_Problem details_.
All of the data, except its images, should be set down exactly as it appears.

═══ Information provided

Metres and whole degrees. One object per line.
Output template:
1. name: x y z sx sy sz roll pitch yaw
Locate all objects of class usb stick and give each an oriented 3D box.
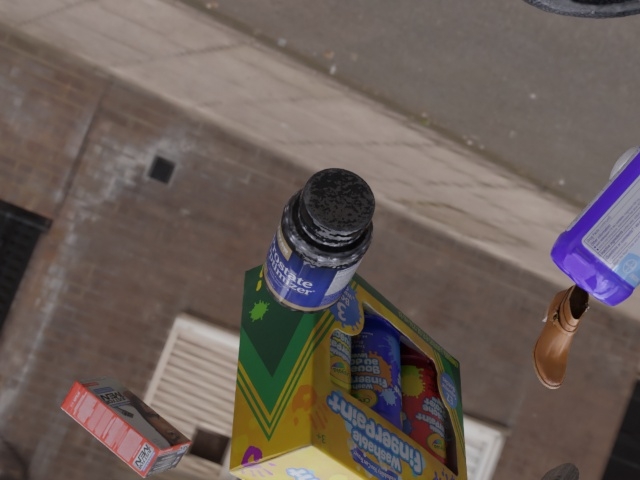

══════

_Solution to this exercise_.
Metres and whole degrees. One object per line.
Output template:
1. name: x y z sx sy sz roll pitch yaw
Locate all objects of class usb stick and give each an oriented 3D box.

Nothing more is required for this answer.